CHARTER OF THE
COMPENSATION AND NOMINATING COMMITTEE
OF THE BOARD OF DIRECTORS
Revised: January 2004
The purpose of this Committee is to provide advice and direction to the Board of Directors concerning the Company's compensation philosophy and policies, in general, and, in particular, compensation of directors and officers of the Company. It will advise the Board of Directors regarding succession planning for the Chief Executive Officer and nominations for additional or replacement directors. It will also periodically assess, or insure that the Board assesses, the Board as a body as well as individual members of the Board.
The Committee is responsible for reviewing and recommending an overall executive compensation strategy and a specific executive compensation plan. The objectives of the strategy and plan are to attract and retain the best possible executive talent, to motivate the Company's executives to achieve the goals inherent in its business strategy, to link executive and stockholder interests through equity-based plans and, to provide a compensation package that recognizes individual contributions as well as corporate, scientific, technical and financial performance.
The Committee will recommend on the appropriate mix of elements of executive compensation including base salary, performance-based bonuses and stock options while taking into account the full compensation package afforded to the individual, including insurance and other employee benefits. The Committee will also make recommendations concerning the appropriate linkage of executive compensation to individual and corporate performance and financial returns to stockholders.
The Committee is also responsible for reviewing and making recommendations concerning an appropriate compensation structure for the Company's employees, including cash, benefits and equity compensation.

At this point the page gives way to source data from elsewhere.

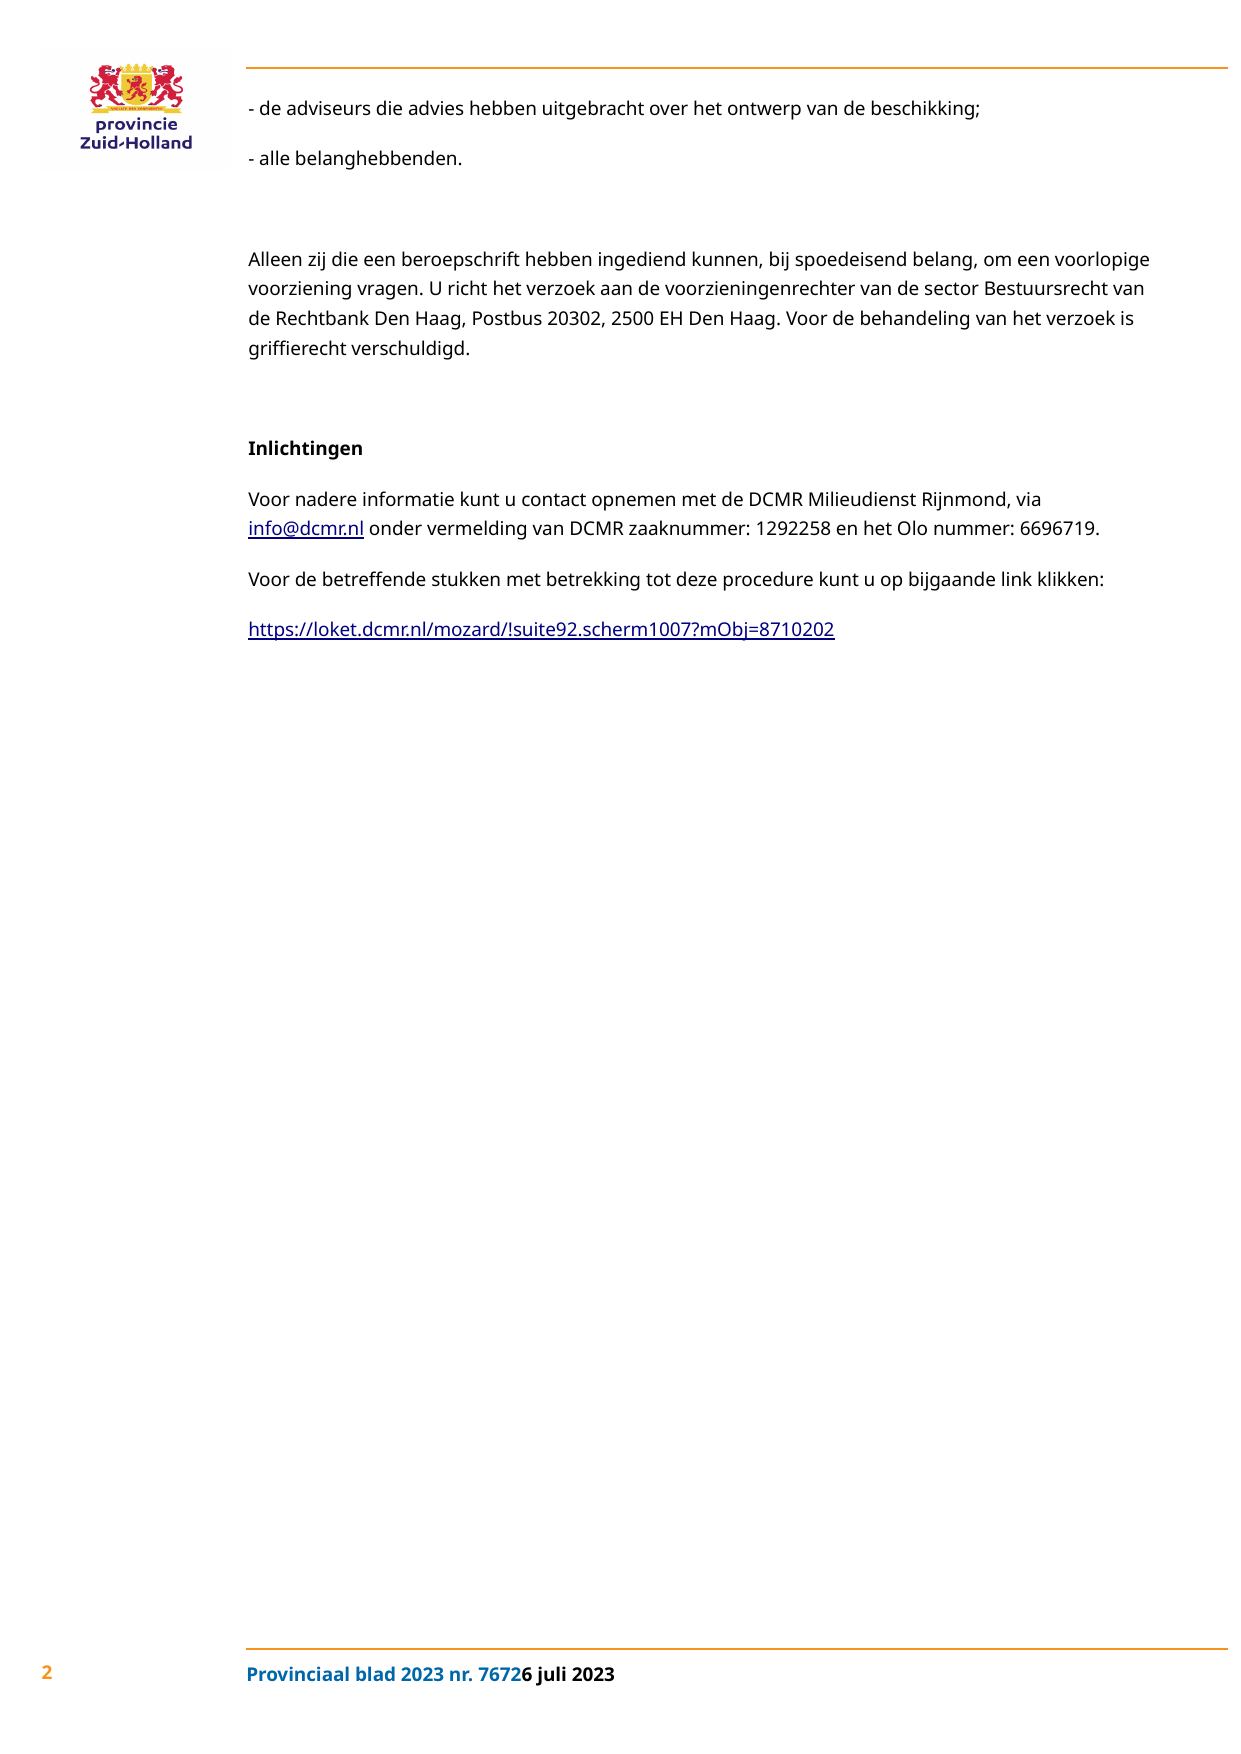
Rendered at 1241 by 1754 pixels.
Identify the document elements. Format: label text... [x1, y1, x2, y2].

text https://loket.dcmr.nl/mozard/!suite92.scherm1007?mObj=8710202 [248, 616, 1152, 642]
text Voor nadere informatie kunt u contact opnemen met de DCMR Milieudienst Rijnmond, via info@dcmr.nl onder vermelding van DCMR zaaknummer: 1292258 en het Olo nummer: 6696719. [248, 486, 1152, 541]
text Alleen zij die een beroepschrift hebben ingediend kunnen, bij spoedeisend belang, om een voorlopige voorziening vragen. U richt het verzoek aan de voorzieningenrechter van de sector Bestuursrecht van de Rechtbank Den Haag, Postbus 20302, 2500 EH Den Haag. Voor de behandeling van het verzoek is griffierecht verschuldigd. [248, 246, 1152, 361]
picture [41, 47, 231, 172]
text - de adviseurs die advies hebben uitgebracht over het ontwerp van de beschikking; [248, 95, 1152, 121]
text - alle belanghebbenden. [248, 145, 1152, 171]
text Inlichtingen [248, 436, 1152, 461]
text Voor de betreffende stukken met betrekking tot deze procedure kunt u op bijgaande link klikken: [248, 566, 1152, 592]
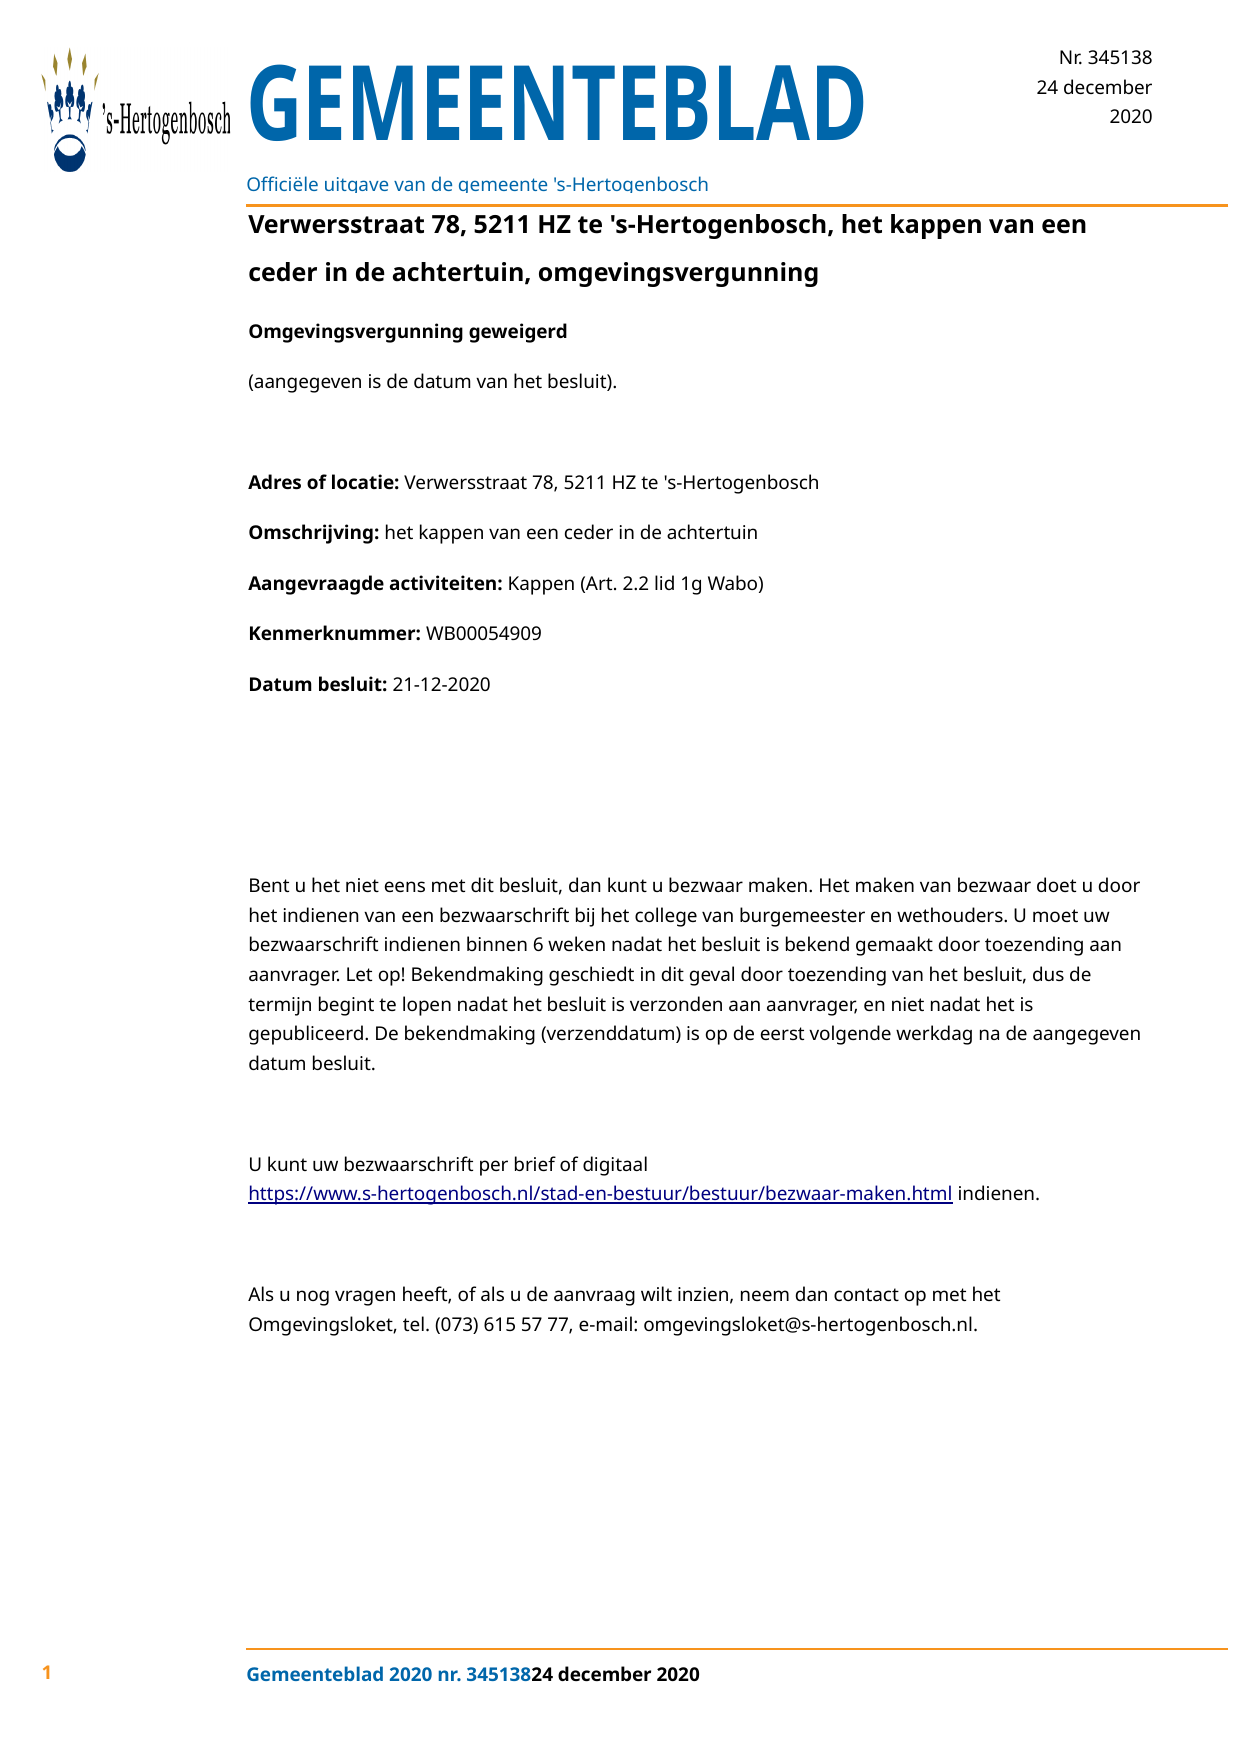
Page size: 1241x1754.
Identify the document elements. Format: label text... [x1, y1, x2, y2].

text Adres of locatie: Verwersstraat 78, 5211 HZ te 's-Hertogenbosch [248, 469, 1152, 495]
text Als u nog vragen heeft, of als u de aanvraag wilt inzien, neem dan contact op met het Omgevingsloket, tel. (073) 615 57 77, e-mail: omgevingsloket@s-hertogenbosch.nl. [248, 1281, 1152, 1337]
text Datum besluit: 21-12-2020 [248, 671, 1152, 697]
text U kunt uw bezwaarschrift per brief of digitaal https://www.s-hertogenbosch.nl/stad-en-bestuur/bestuur/bezwaar-maken.html indienen. [248, 1151, 1152, 1206]
text Omgevingsvergunning geweigerd [248, 318, 1152, 344]
text Kenmerknummer: WB00054909 [248, 620, 1152, 646]
text Bent u het niet eens met dit besluit, dan kunt u bezwaar maken. Het maken van bezwaar doet u door het indienen van een bezwaarschrift bij het college van burgemeester en wethouders. U moet uw bezwaarschrift indienen binnen 6 weken nadat het besluit is bekend gemaakt door toezending aan aanvrager. Let op! Bekendmaking geschiedt in dit geval door toezending van het besluit, dus de termijn begint te lopen nadat het besluit is verzonden aan aanvrager, en niet nadat het is gepubliceerd. De bekendmaking (verzenddatum) is op de eerst volgende werkdag na de aangegeven datum besluit. [248, 872, 1152, 1076]
picture [41, 47, 231, 172]
text Verwersstraat 78, 5211 HZ te 's-Hertogenbosch, het kappen van een ceder in de achtertuin, omgevingsvergunning [248, 207, 1152, 288]
text Aangevraagde activiteiten: Kappen (Art. 2.2 lid 1g Wabo) [248, 570, 1152, 596]
text Omschrijving: het kappen van een ceder in de achtertuin [248, 519, 1152, 545]
text (aangegeven is de datum van het besluit). [248, 368, 1152, 394]
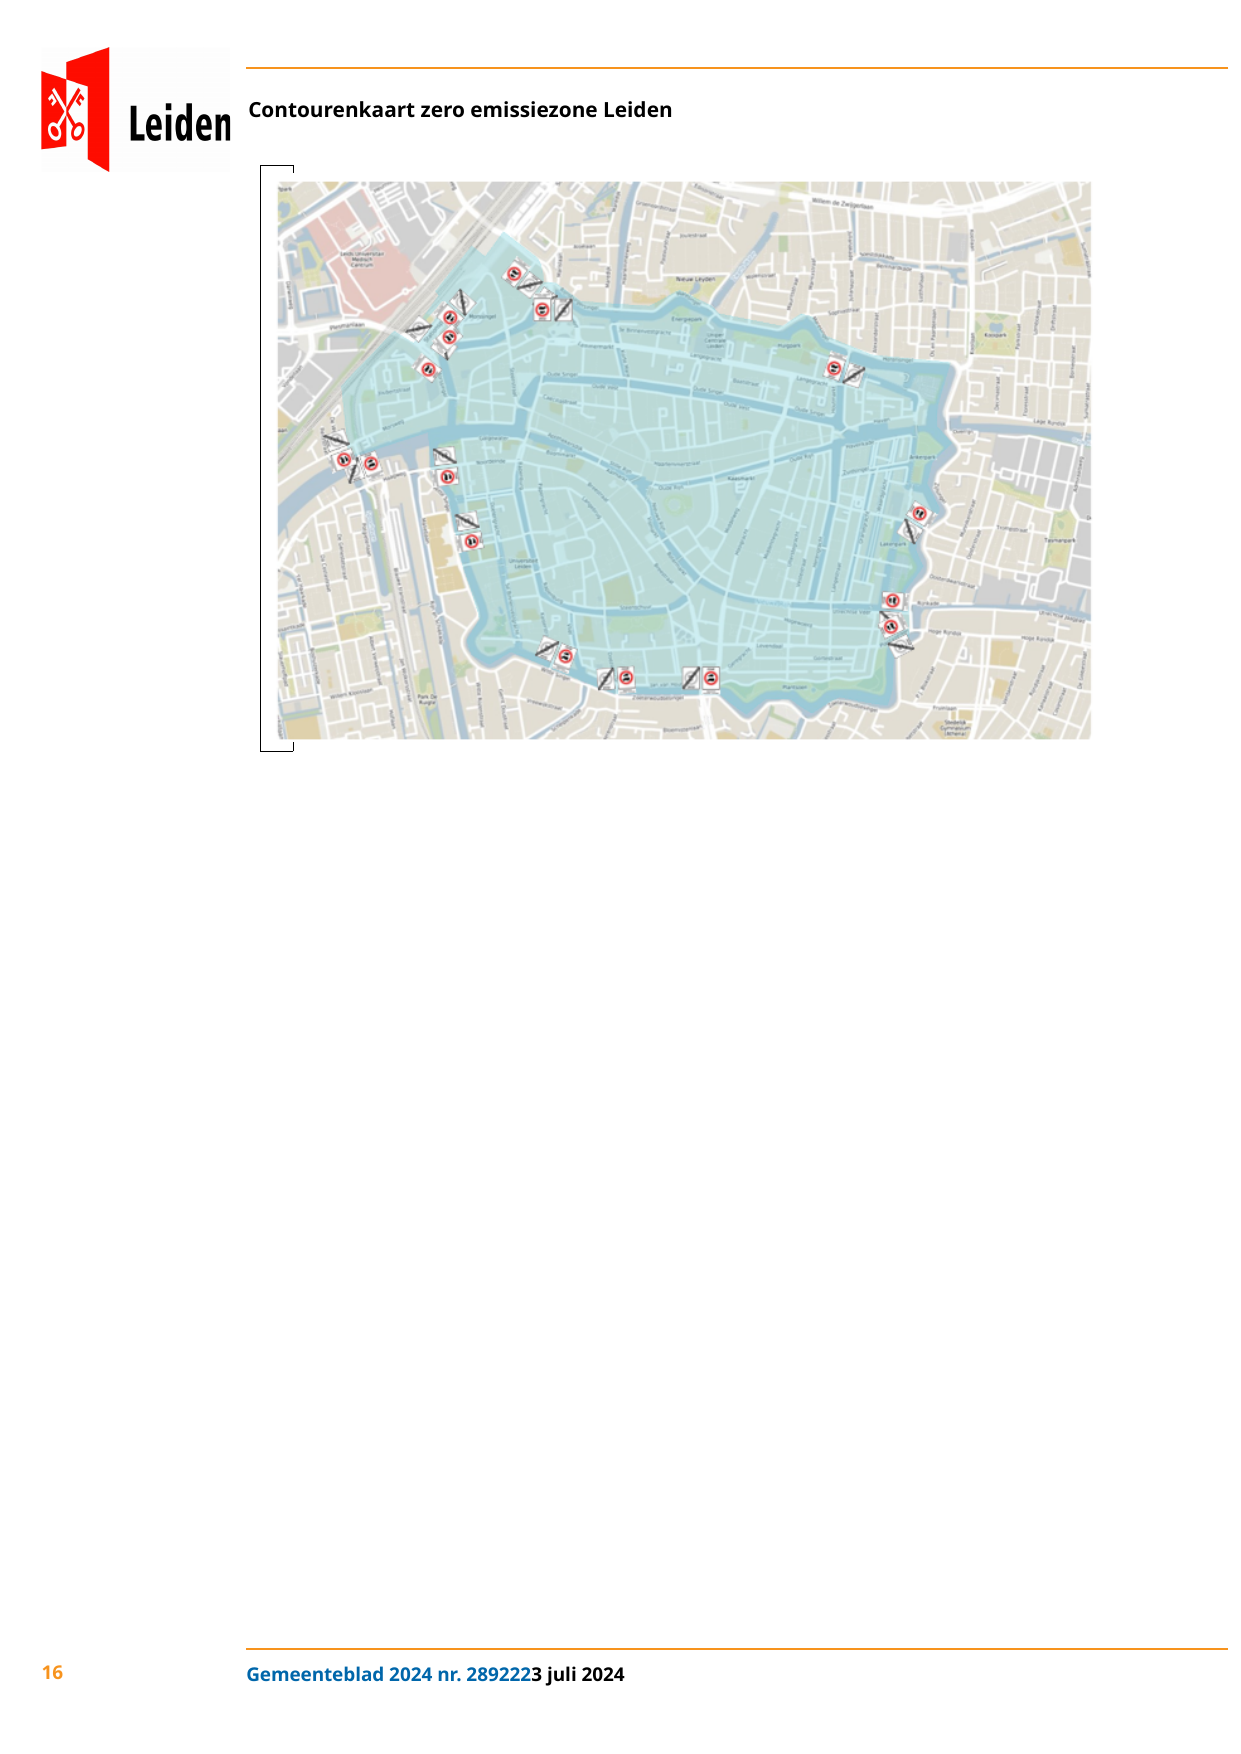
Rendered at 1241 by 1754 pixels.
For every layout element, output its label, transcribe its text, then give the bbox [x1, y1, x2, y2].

picture [41, 47, 231, 172]
text Contourenkaart zero emissiezone Leiden [248, 95, 1152, 123]
picture [268, 173, 1095, 742]

In addition, the Committee is responsible for governance and nomination matters including but not limited to (a) developing a succession plan for the Chief Executive Officer, (b) the annual performance appraisal of the Chief Executive Officer, Chief Financial Officer, the General Counsel of the Company and any other member of senior management selected for such appraisal by the Committee, (c) the annual performance appraisal of the Board and its members, and (d) the identification and process of selection of new members of the Board of Directors, as such need arises, including the evaluation of candidates recommended by stockholders in accordance with the Company's By-laws.
In order to facilitate fulfillment of its responsibilities, the Committee is authorized, at the Company's expense, to retain independent legal counsel and compensation consultants and experts for this purpose. The Company shall provide the Committee with appropriate funding to pay such experts and advisors retained by the Committee.
The Committee shall be comprised of not fewer than two members of the Company's Board of Directors, each of whom shall meet the independence and any other relevant requirements of the Nasdaq National Stock Market, the Securities Exchange Act of 1934 (the "Exchange Act"), and the rules and regulations of the Securities and Exchange Commission. The Chairman of the Board will nominate new members to the Committee from time to time, for ratification by the entire Board of Directors.
The Vice President of Human Development of the Company will provide support to the Committee as needed and as requested. The Committee will work with the Vice President of Human Development to develop proposals for consideration of the Board of Directors.
The Committee will determine the regularity and venue of its meetings. The Chairman of the Board of Directors will nominate the chairperson of the Committee, for ratification by the entire Board. The Committee's chairperson will determine the method by which decisions will be made by the Committee and under what circumstances (e.g., consensus, supermajority, majority).
Communications and Output
Resolutions of the Committee will be captured in minutes which will be filed with the records of the meetings of the Committees of the Board of Directors.
This Charter was adopted by the Board of Directors on January 16, 2003 and revised on January 15, 2004.